In London, Henry began "The Fennels," but after he had written a couple of chapters, he found himself unable to proceed with it.

"I must go back to Ireland," he said to Gilbert. "I want the feel of Ulster. I can't get it into this book unless I'm there, somehow!" And so, sooner than he had anticipated, he returned to Ballymartin, where "The Fennels" was finished, and there he stayed until Gilbert wrote and asked him to join him at Tre'Arrdur Bay.

"You can't get much nearer to Ireland than that," he wrote: "You hop into the boat at Kingstown and hop out of it again at Holyhead and there you are!..."

"I shall be back again in a month, father!" he had said to Mr. Quinn, and then he had taken train to Belfast, where he was to change for Dublin and thence go to Wales.

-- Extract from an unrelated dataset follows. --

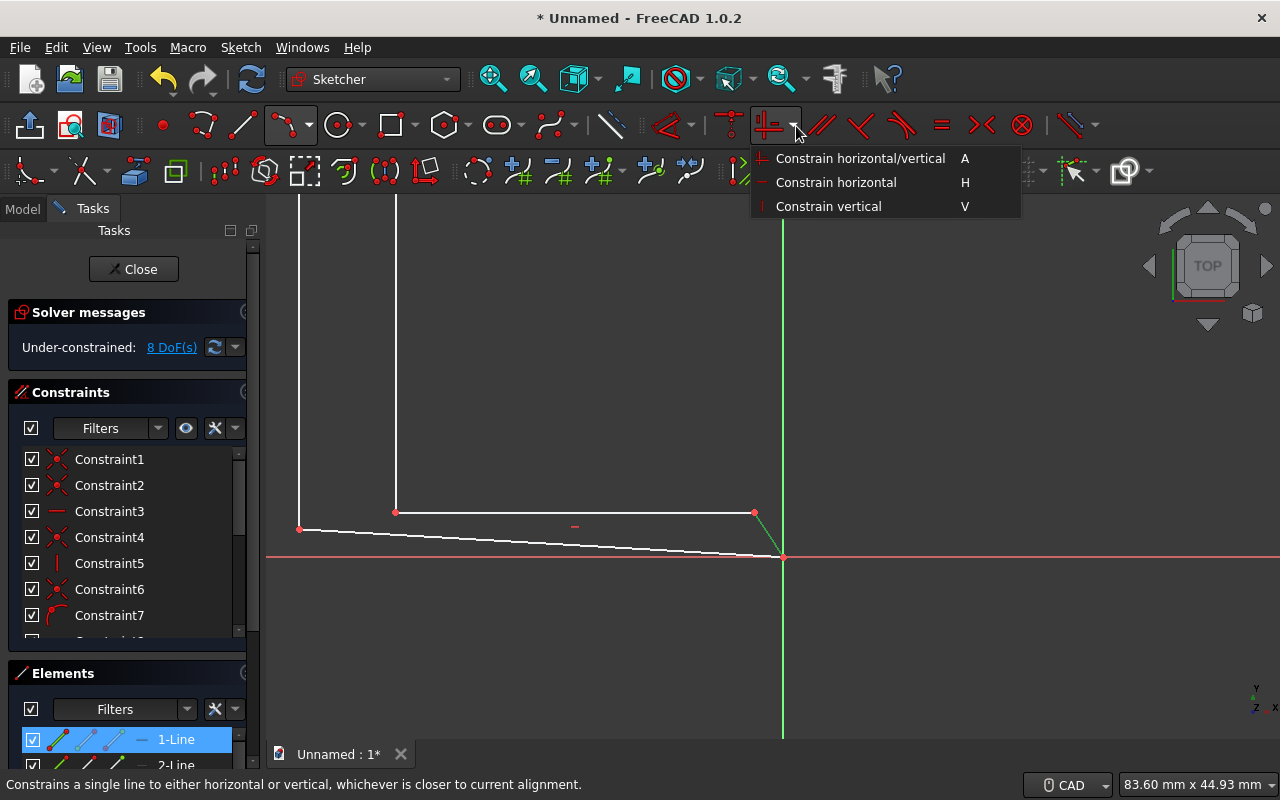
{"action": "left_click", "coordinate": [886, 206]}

In Belfast, there was great excitement because the Ulster Volunteers had successfully landed a cargo of guns that were purchased in Germany. The Volunteers had seized the coastguard stations at Larne and at Donaghadee and Bangor, overawing the police, and there had been much jocularity. It was all done in excellent taste. Had it not been for the death of a coastguard through heart failure, there would have been nothing to mar the jolly entertainment....

11

"I suppose John Marsh was sick about the gun-running in Ulster?" said Gilbert to Henry, as they approached the hotel at Tre'Arrdur Bay at which they were to stay.

"No, I don't think so. He seemed to think it was rather fine of the Ulstermen to do it. You see, it's put the Government in a hole, and that pleases him. He was very mysterious in his talk, and full of hints!..."

"Are they going to run guns, too?" Gilbert asked.

"I shouldn't be surprised," said Henry. "One of these days a gun'll go off, and then they'll stop playing the fool, I suppose!"

FOOTNOTES:

[Footnote 3: Transcriber's note: No footnote text was found for this footnote marker.]

THE THIRD CHAPTER

1

"Roger's getting all his facts in fine trim for the book on a National Army," Gilbert said after lunch. "The thing's been much bigger than any of us imagined, but Roger's a sticker, and he's got a lot done!"

"I'd nearly forgotten about that business," Henry replied.